Segment Start: GIVEN RECORDS

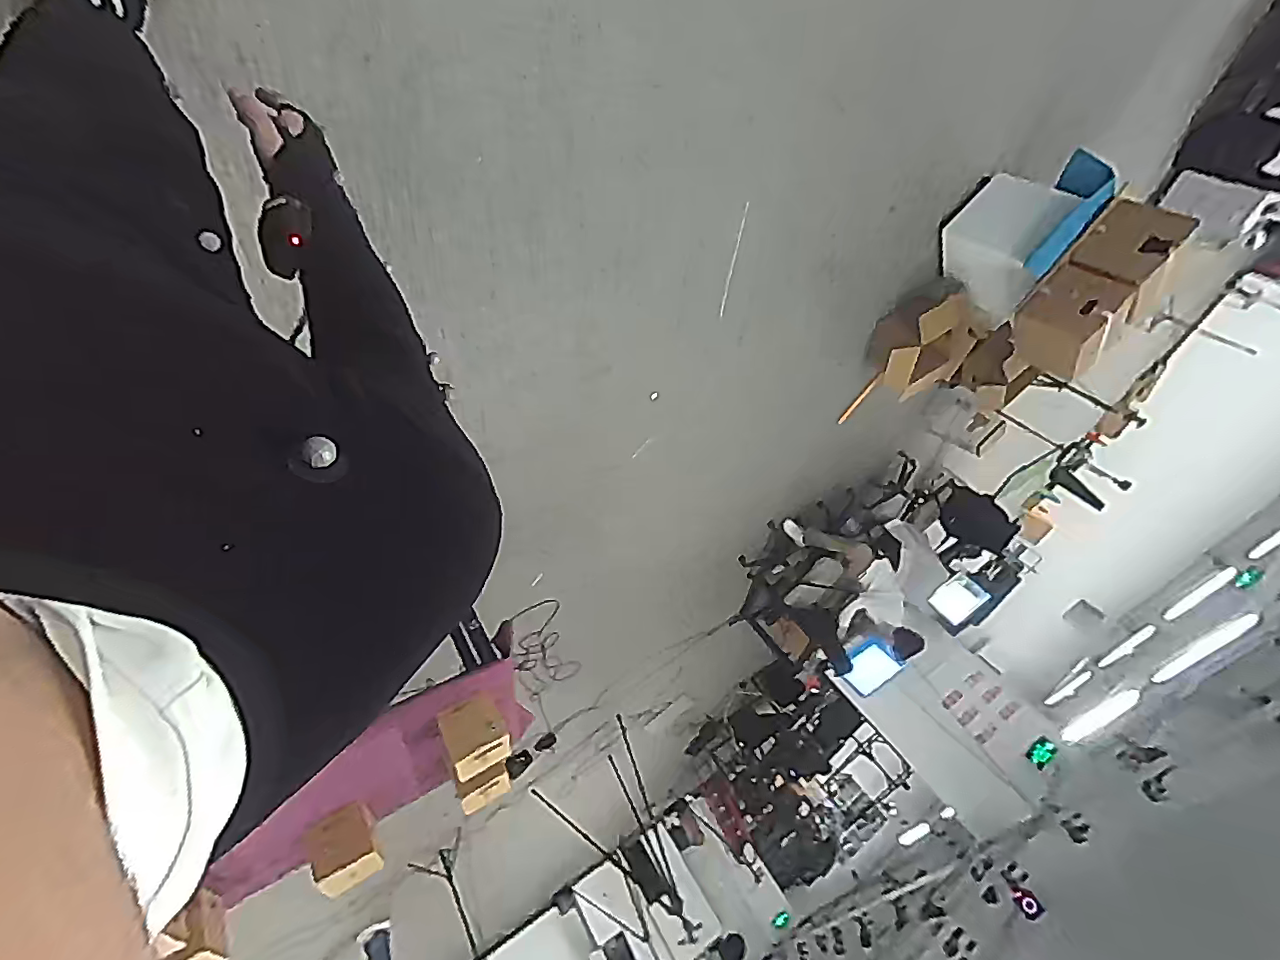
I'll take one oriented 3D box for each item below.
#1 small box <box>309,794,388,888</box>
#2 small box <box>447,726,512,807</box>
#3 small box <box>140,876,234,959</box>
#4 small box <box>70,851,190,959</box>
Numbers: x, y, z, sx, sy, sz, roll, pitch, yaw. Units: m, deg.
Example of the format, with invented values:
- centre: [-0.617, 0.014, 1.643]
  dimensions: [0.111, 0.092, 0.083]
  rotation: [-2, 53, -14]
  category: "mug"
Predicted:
- centre: [-0.916, 1.126, 1.699]
  dimensions: [0.168, 0.176, 0.179]
  rotation: [-20, 140, -27]
  category: "small box"
- centre: [-0.562, 0.995, 1.890]
  dimensions: [0.168, 0.176, 0.179]
  rotation: [-21, 141, -26]
  category: "small box"
- centre: [-1.260, 1.241, 1.493]
  dimensions: [0.168, 0.176, 0.179]
  rotation: [-19, 139, -29]
  category: "small box"
- centre: [-1.220, 1.039, 1.302]
  dimensions: [0.168, 0.176, 0.179]
  rotation: [-19, 140, -31]
  category: "small box"

Segment End: GIVEN RECORDS

**PROBLEM:** Output must be limited to the lines beginning with the one that contains "- centre: [-0.617, 0.014, 1.643]" and ending with the last line of the entries, reproduced exactly.

**WRITTEN SOLUTION:**
- centre: [-0.617, 0.014, 1.643]
  dimensions: [0.111, 0.092, 0.083]
  rotation: [-2, 53, -14]
  category: "mug"
Predicted:
- centre: [-0.916, 1.126, 1.699]
  dimensions: [0.168, 0.176, 0.179]
  rotation: [-20, 140, -27]
  category: "small box"
- centre: [-0.562, 0.995, 1.890]
  dimensions: [0.168, 0.176, 0.179]
  rotation: [-21, 141, -26]
  category: "small box"
- centre: [-1.260, 1.241, 1.493]
  dimensions: [0.168, 0.176, 0.179]
  rotation: [-19, 139, -29]
  category: "small box"
- centre: [-1.220, 1.039, 1.302]
  dimensions: [0.168, 0.176, 0.179]
  rotation: [-19, 140, -31]
  category: "small box"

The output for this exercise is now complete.